1. **Equal-tailed Interval (ETI)**: 2.5% in each tail
2. **Highest Density Interval (HDI)**: Narrowest interval containing 95%

For symmetric posteriors, ETI = HDI. For skewed posteriors, HDI is often preferred.

In [None]:
def credible_intervals_demo():
    """
    Compare credible intervals with confidence intervals.
    """
    print("=" * 60)
    print("CREDIBLE INTERVALS vs CONFIDENCE INTERVALS")
    print("=" * 60)
    
    def compute_hdi(samples, prob=0.95):
        """
        Compute Highest Density Interval from samples.
        """
        samples = np.sort(samples)
        n = len(samples)
        interval_idx = int(np.floor(prob * n))
        n_intervals = n - interval_idx
        
        interval_widths = samples[interval_idx:] - samples[:n_intervals]

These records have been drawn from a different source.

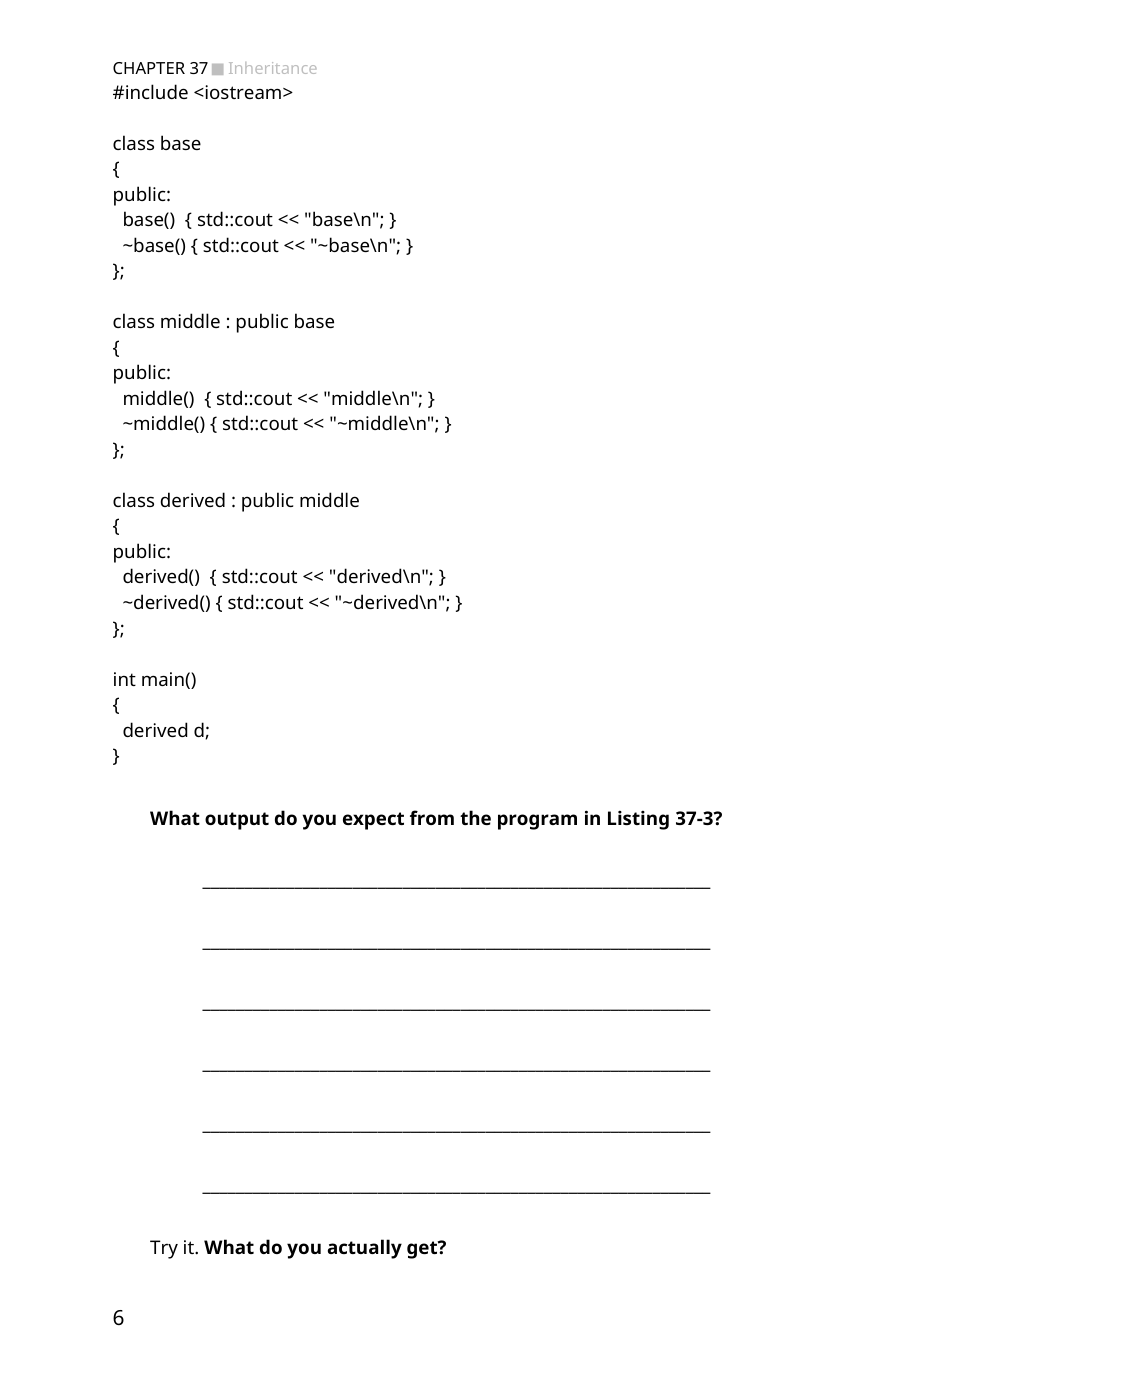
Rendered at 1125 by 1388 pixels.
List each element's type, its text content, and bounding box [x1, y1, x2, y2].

list _____________________________________________________________ [202, 1049, 1012, 1075]
text Try it. What do you actually get? [112, 1234, 1012, 1260]
text { [112, 156, 1012, 181]
text ~derived() { std::cout << "~derived\n"; } [112, 589, 1012, 615]
text ~base() { std::cout << "~base\n"; } [112, 232, 1012, 258]
text }; [112, 258, 1012, 283]
text base() { std::cout << "base\n"; } [112, 207, 1012, 232]
text { [112, 691, 1012, 717]
text public: [112, 181, 1012, 207]
text derived() { std::cout << "derived\n"; } [112, 564, 1012, 589]
list _____________________________________________________________ [202, 1110, 1012, 1136]
text { [112, 513, 1012, 538]
text ~middle() { std::cout << "~middle\n"; } [112, 411, 1012, 436]
text }; [112, 615, 1012, 640]
text public: [112, 360, 1012, 385]
text What output do you expect from the program in Listing 37-3? [112, 806, 1012, 831]
text } [112, 742, 1012, 768]
list _____________________________________________________________ [202, 927, 1012, 953]
text middle() { std::cout << "middle\n"; } [112, 385, 1012, 411]
text #include <iostream> [112, 79, 1012, 104]
text class middle : public base [112, 309, 1012, 334]
text int main() [112, 666, 1012, 691]
text }; [112, 436, 1012, 462]
list _____________________________________________________________ [202, 1171, 1012, 1197]
text class base [112, 130, 1012, 156]
text public: [112, 538, 1012, 564]
text { [112, 334, 1012, 360]
text class derived : public middle [112, 487, 1012, 513]
list _____________________________________________________________ [202, 988, 1012, 1014]
list _____________________________________________________________ [202, 866, 1012, 892]
text derived d; [112, 717, 1012, 742]
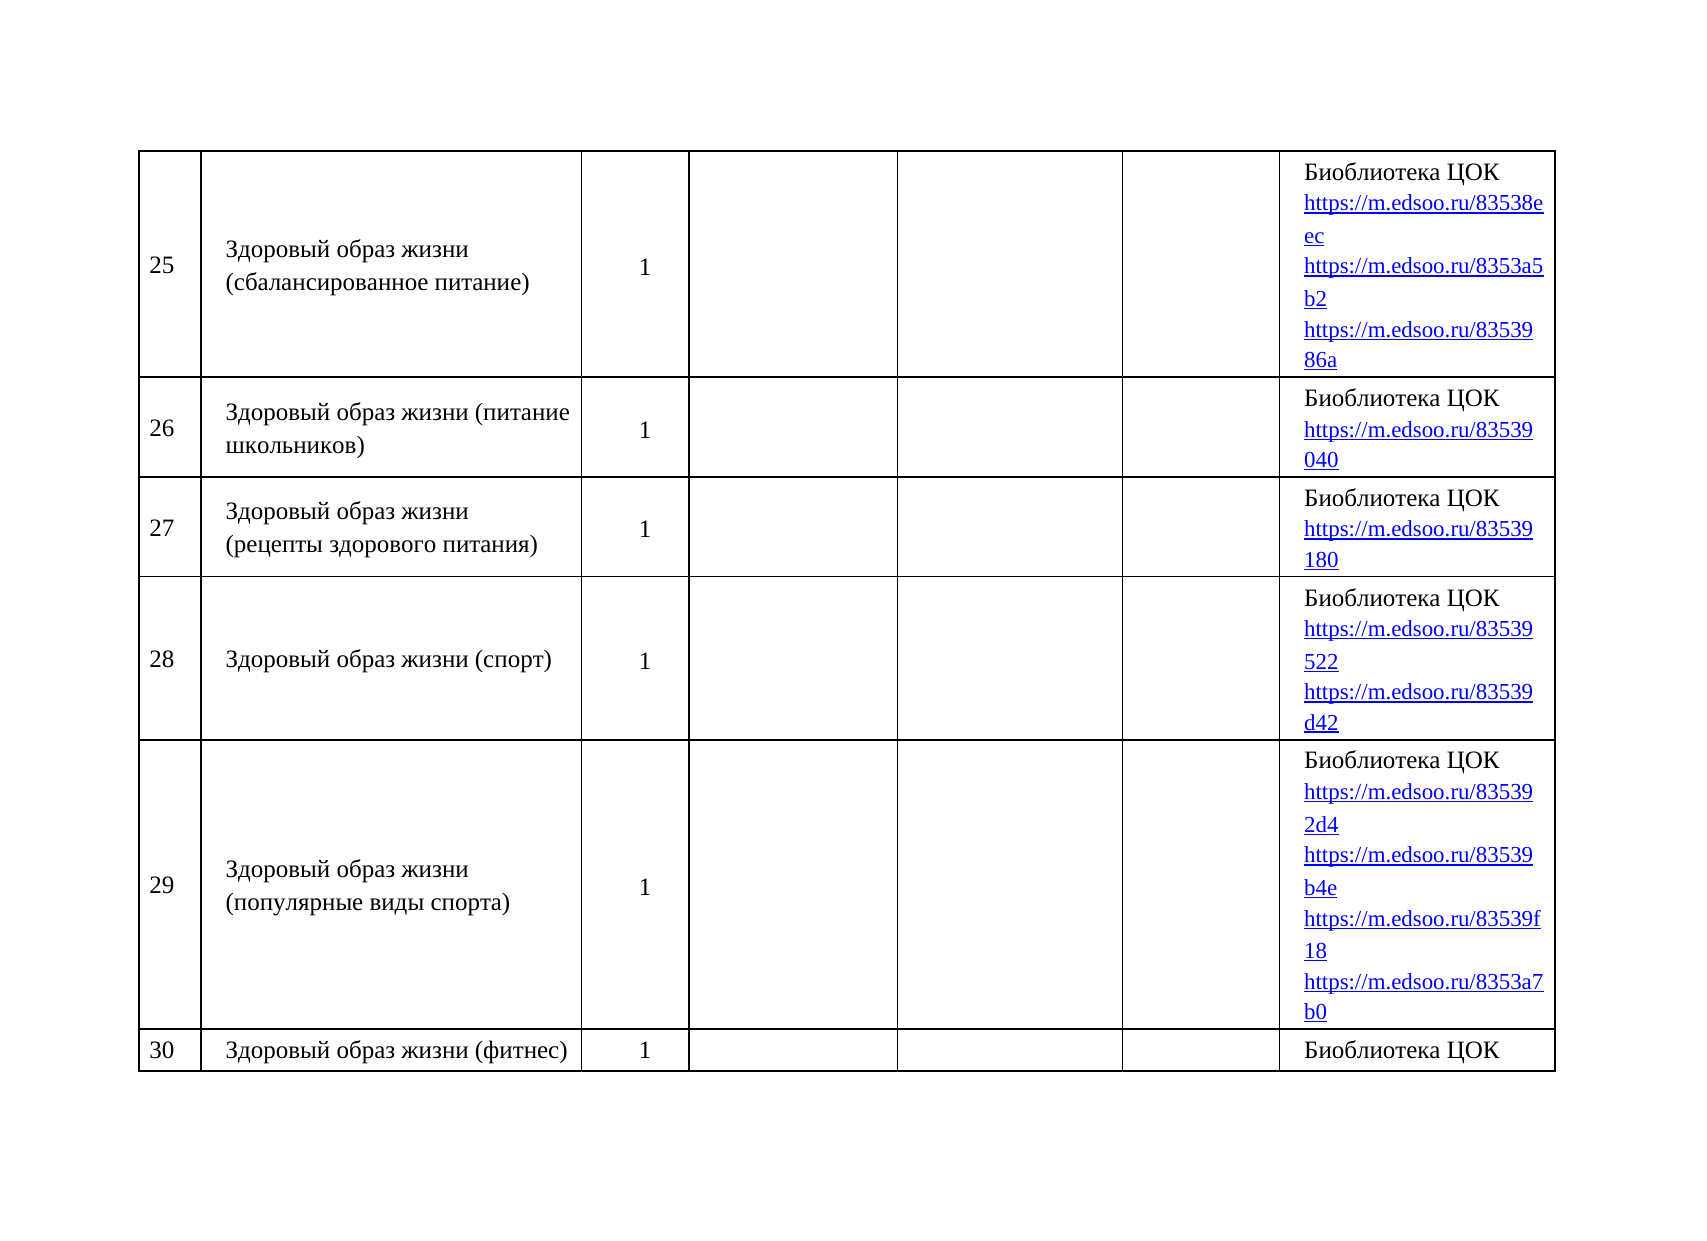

        min_idx = np.argmin(interval_widths)
        
        return samples[min_idx], samples[min_idx + interval_idx]
    
    # Scenario: Estimate Sharpe ratio from limited data
    np.random.seed(42)
    true_sharpe = 0.8
    n_obs = 50
    
    # Generate returns consistent with Sharpe = 0.8 (annual)
    daily_sharpe = true_sharpe / np.sqrt(252)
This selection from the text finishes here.